- Born: 1841 or 1853 Georgia or Maryland
- Died: April 28, 1881 Lincoln, New Mexico
- Occupations: Miner, Texas Ranger and deputy sheriff

= James W. Bell =

American sheriff

James W. Bell (1841/1853–28 April 1881), also referred to as "Long" Bell, "Lone" Bell or Jim Long, was a Deputy Sheriff of the United States Marshals Service. He was shot and killed by Billy the Kid during his escape from Lincoln County jail on 28 April 1881.

==Biography==
Bell was born in Georgia in 1853 with both father from Virginia, but some historians claimed he was born in Maryland in 1841. He was a miner and Texas Ranger. It is also claimed he was a private in Company D., Frontier Battalion, of Captain Dan W. Roberts, but according to Bill Reynolds he was Joseph William Bell, who was born on 17 May 1849 in Ohio.

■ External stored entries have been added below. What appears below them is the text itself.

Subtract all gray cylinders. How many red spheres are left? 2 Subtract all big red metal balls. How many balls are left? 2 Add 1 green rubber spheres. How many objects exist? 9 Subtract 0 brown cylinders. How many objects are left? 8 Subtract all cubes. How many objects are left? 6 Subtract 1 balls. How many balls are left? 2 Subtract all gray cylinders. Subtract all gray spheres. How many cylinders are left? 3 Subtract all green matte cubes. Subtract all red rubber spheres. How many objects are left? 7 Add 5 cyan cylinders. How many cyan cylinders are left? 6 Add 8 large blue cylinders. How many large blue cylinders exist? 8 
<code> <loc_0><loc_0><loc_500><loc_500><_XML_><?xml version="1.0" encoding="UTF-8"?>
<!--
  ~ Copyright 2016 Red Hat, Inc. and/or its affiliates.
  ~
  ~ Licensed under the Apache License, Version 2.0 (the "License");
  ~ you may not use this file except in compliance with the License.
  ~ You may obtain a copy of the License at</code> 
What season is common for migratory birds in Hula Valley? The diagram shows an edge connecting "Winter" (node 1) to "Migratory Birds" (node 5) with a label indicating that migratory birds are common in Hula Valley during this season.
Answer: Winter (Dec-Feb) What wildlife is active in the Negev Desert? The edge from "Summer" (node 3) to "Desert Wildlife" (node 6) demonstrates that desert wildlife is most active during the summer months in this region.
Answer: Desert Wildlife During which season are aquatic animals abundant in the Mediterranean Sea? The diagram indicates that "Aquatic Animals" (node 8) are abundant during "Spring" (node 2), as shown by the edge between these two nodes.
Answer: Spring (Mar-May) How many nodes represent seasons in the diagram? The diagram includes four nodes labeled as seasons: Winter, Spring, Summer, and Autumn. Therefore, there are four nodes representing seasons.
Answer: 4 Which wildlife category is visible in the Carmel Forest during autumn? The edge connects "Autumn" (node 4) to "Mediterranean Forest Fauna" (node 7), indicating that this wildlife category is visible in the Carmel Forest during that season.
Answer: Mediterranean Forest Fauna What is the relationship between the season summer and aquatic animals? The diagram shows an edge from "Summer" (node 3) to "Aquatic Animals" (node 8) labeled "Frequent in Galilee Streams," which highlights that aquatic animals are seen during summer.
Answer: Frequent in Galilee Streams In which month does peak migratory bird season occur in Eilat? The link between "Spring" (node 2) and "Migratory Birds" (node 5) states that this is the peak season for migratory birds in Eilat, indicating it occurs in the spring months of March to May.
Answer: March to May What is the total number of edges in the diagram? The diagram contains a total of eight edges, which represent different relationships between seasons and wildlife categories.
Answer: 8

On 13 December 1873 he enlisted as private in G. W. Campbell's Montague County Rangers and was discharged on 13 February 1877. In the spring of 1879 Oscar W. Williams, Bell's mining companion, organized a mining party from Dallas, Texas to New Mexico and Leadville, Colorado, and included Bell to take part in mining ventures. They travelled northwest across Staked Plains and arrived on 5 July 1879 at Tascosa, a small settlement in the Texas Panhandle. There were a strike twenty-four miles south of Santa Fe, in Carbonateville, near present-day Cerrillos, New Mexico, and when they arrived there, they were disbanded.

Williams and Bell remained together there and they set up camps, staked out some mining properties and made forays. White Oaks offered better promise and Bell drifted alone and arrived in 1880, being actively engaged in mining activities in Nogal and Jicarilla Mountains, where he had a fine prospect alongside R. D. Lypard.

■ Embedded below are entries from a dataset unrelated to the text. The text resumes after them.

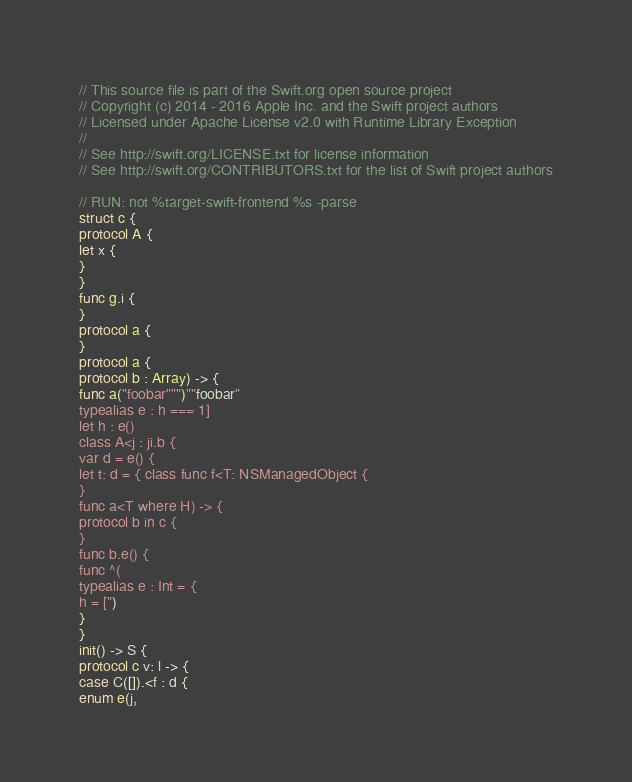Convert code to text. <code><loc_0><loc_0><loc_500><loc_500><_Swift_>// This source file is part of the Swift.org open source project
// Copyright (c) 2014 - 2016 Apple Inc. and the Swift project authors
// Licensed under Apache License v2.0 with Runtime Library Exception
//
// See http://swift.org/LICENSE.txt for license information
// See http://swift.org/CONTRIBUTORS.txt for the list of Swift project authors

// RUN: not %target-swift-frontend %s -parse
struct c {
protocol A {
let x {
}
}
func g.i {
}
protocol a {
}
protocol a {
protocol b : Array) -> {
func a("foobar""")""foobar"
typealias e : h === 1]
let h : e()
class A<j : ji.b {
var d = e() {
let t: d = { class func f<T: NSManagedObject {
}
func a<T where H) -> {
protocol b in c {
}
func b.e() {
func ^(
typealias e : Int = {
h = [")
}
}
init() -> S {
protocol c v: l -> {
case C([]).<f : d {
enum e(j,
</code> 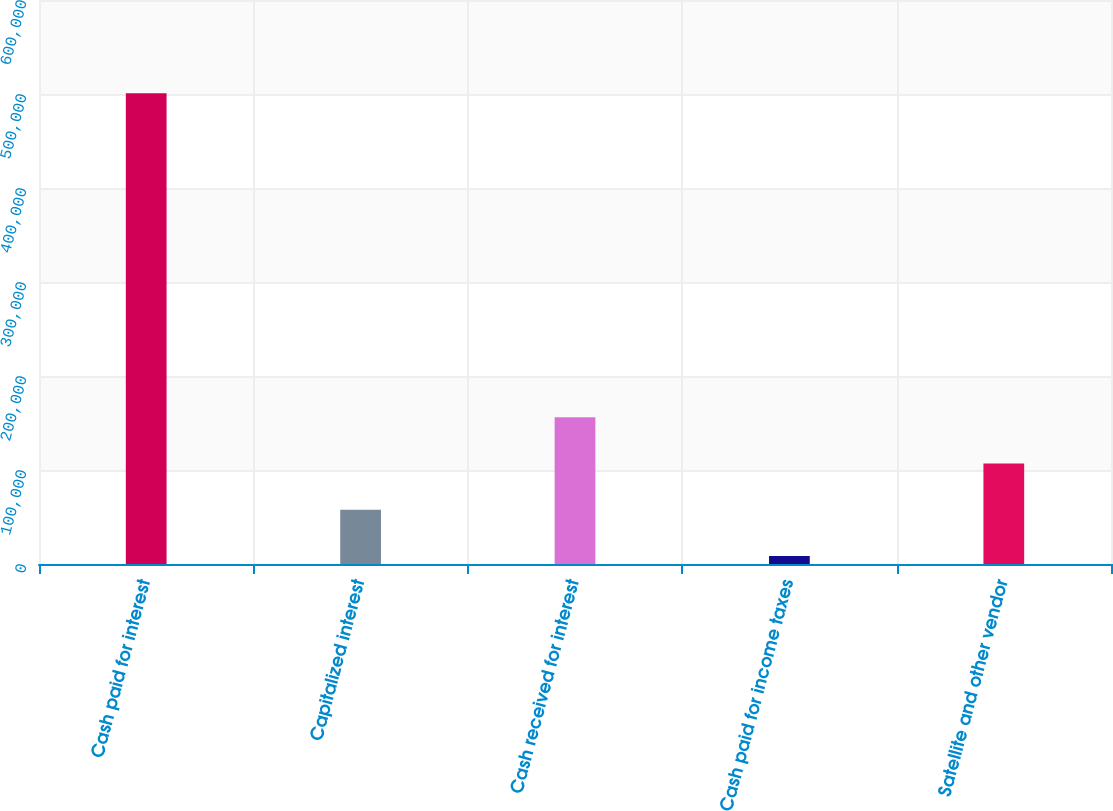Convert chart. <chart><loc_0><loc_0><loc_500><loc_500><bar_chart><fcel>Cash paid for interest<fcel>Capitalized interest<fcel>Cash received for interest<fcel>Cash paid for income taxes<fcel>Satellite and other vendor<nl><fcel>500879<fcel>57644.3<fcel>156141<fcel>8396<fcel>106893<nl></chart>

On the evening of 22 November 1880 someone tried to steal his horses, and the next day he rode with a posse headed by Deputy Sheriff Will Hudgens to Blake's sawmill, gang's camp, near town, but it was deserted. They trailed the gang to Coyote Springs where several horses but no men were killed after a gunfight. They escaped and the posse returned to White Oaks. At that night the gang rode into White Oaks and shot Jim Redman in front of Will Hudgens saloon, and in response Jimmy Carlyle and Bell shot but failed. Bell and Carlyle trailed Billy the Kid, Billy Wilson and Dave Rudabaugh forty miles north to Jim Greathouse-Fred Kuch ranch, also called Greathouse ranch or tavern, where Carlyle was killed.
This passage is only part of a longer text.